-------- EXERCISE MATERIALS

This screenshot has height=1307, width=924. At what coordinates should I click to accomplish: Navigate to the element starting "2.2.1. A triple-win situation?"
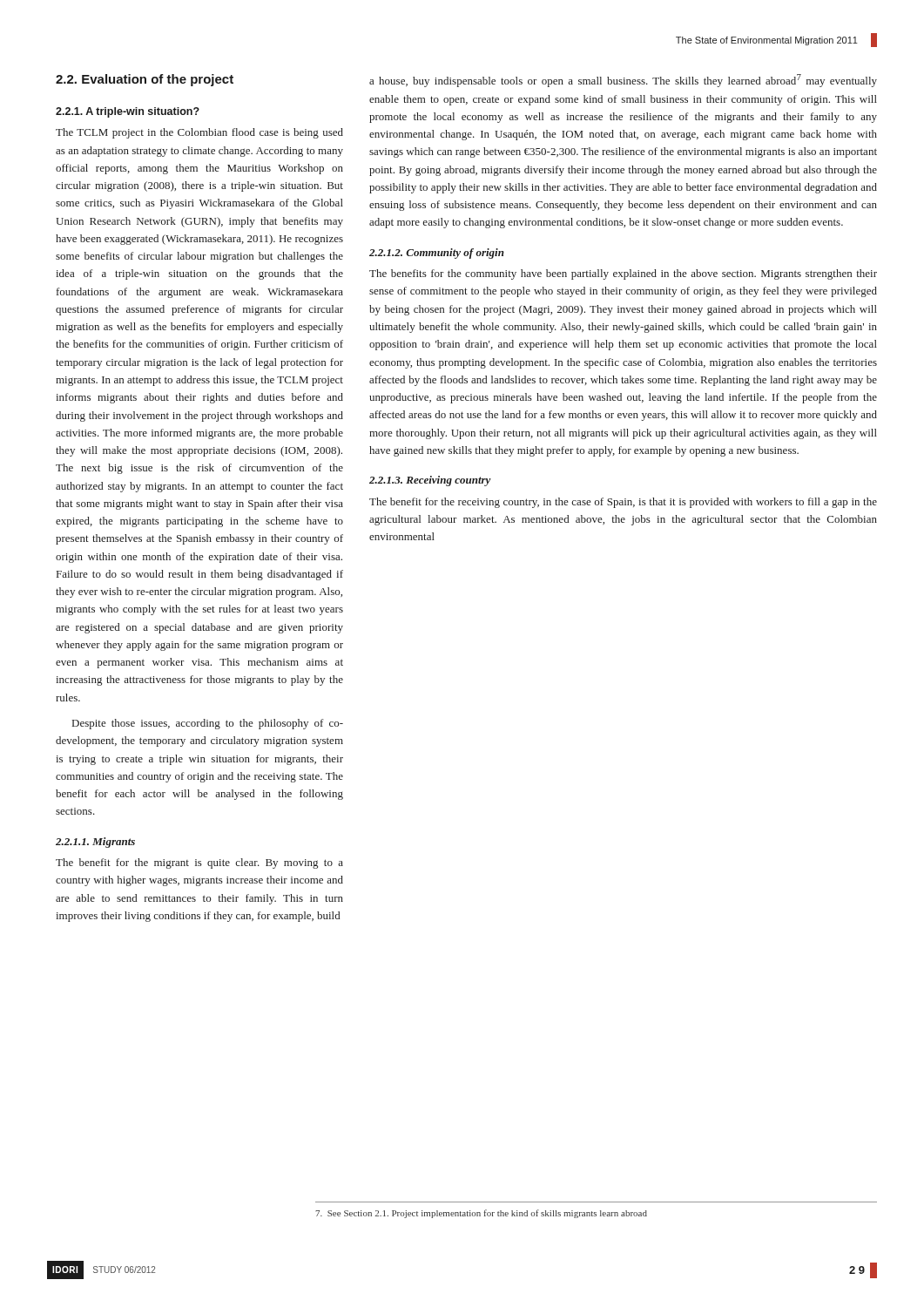coord(128,111)
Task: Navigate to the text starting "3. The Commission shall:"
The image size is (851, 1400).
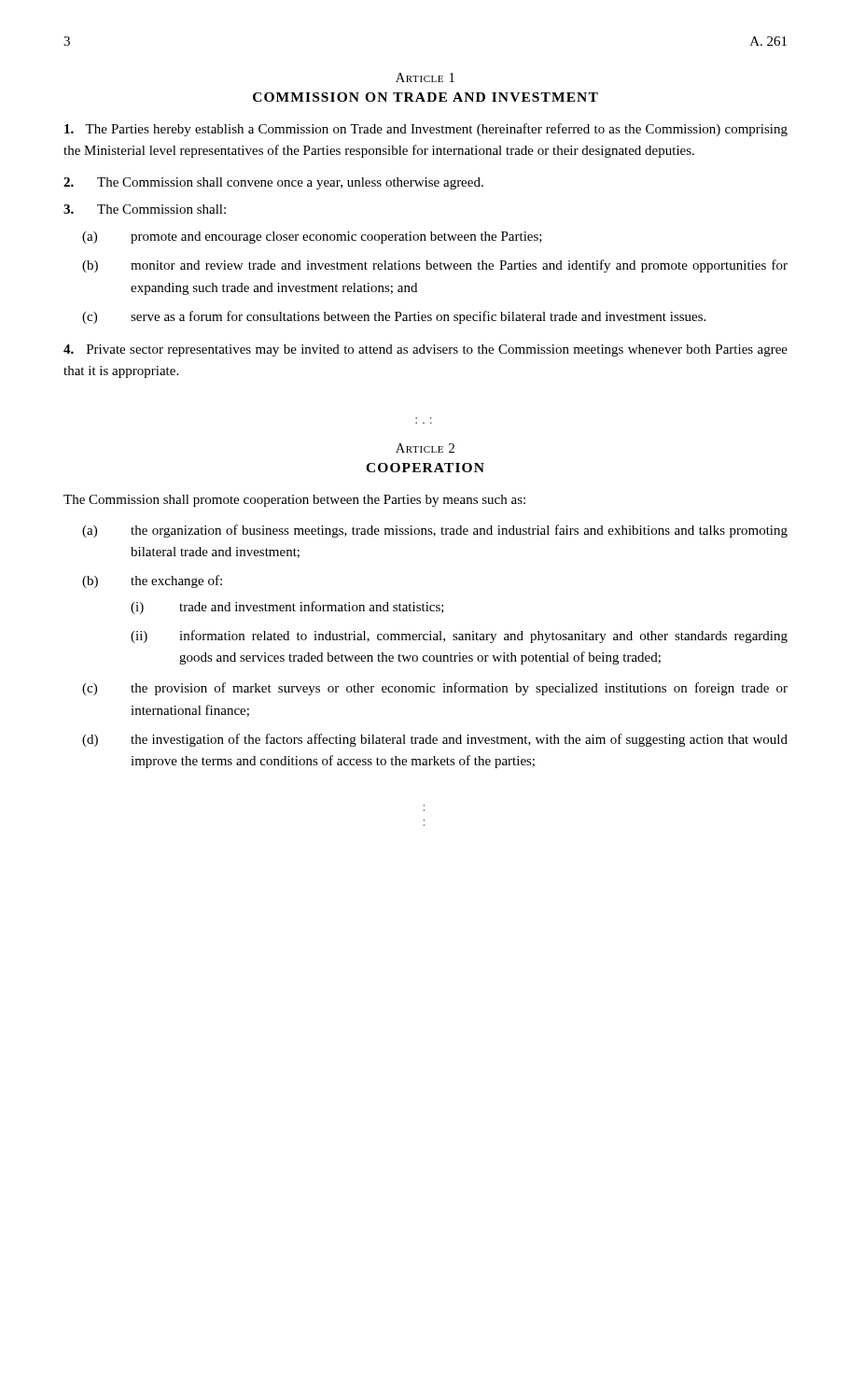Action: point(145,209)
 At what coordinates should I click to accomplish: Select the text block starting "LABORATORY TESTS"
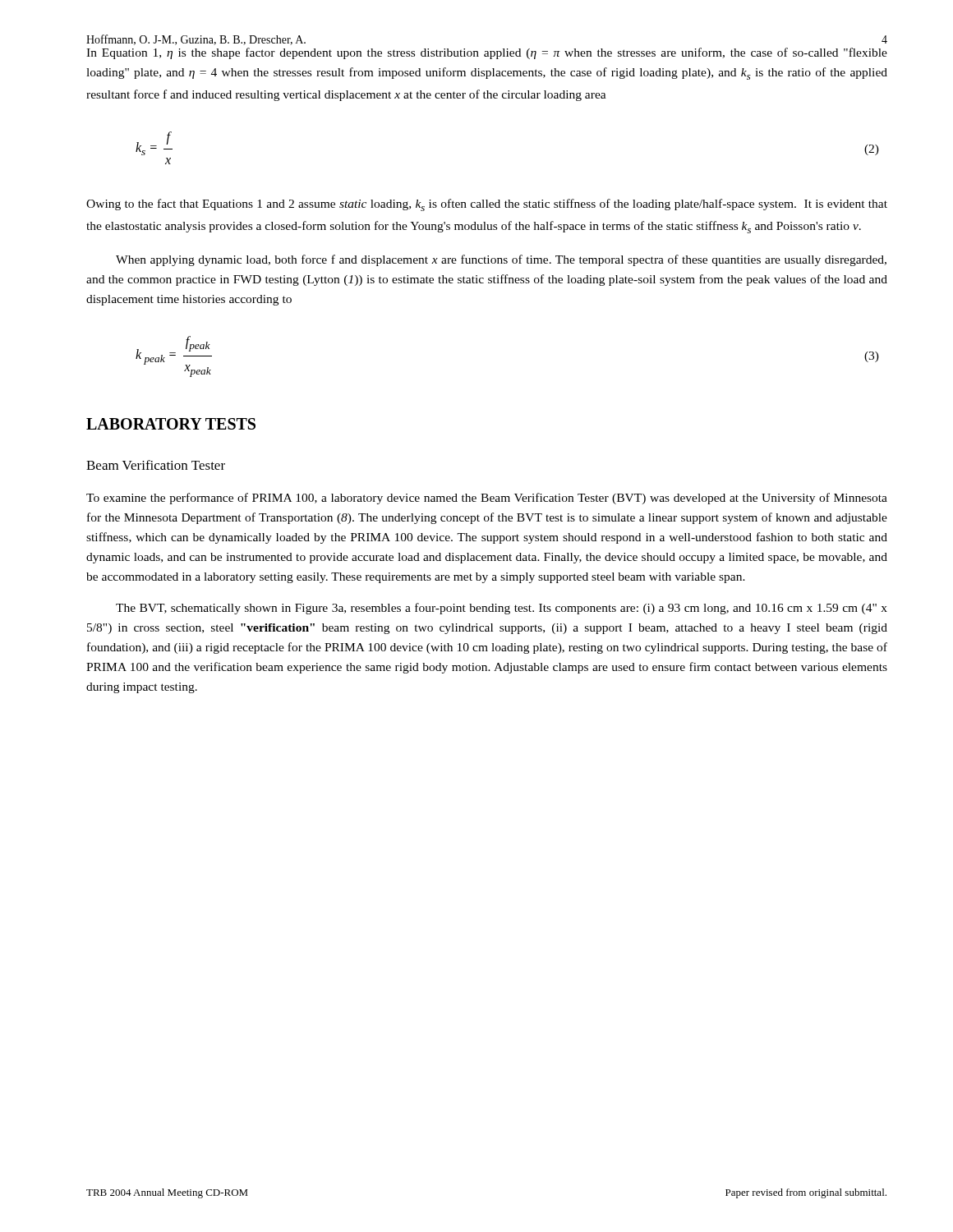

----------------

Quote exactly, and only, the lines from the line containing "Task: Navigate to" through the final line of the records above, both included, omitting any pictures.

• **RESPONSE BOX**:
Task: Navigate to the text starting "3. The Commission shall:"
The image size is (851, 1400).
Action: point(145,209)
 At what coordinates should I click to accomplish: Select the text block starting "LABORATORY TESTS"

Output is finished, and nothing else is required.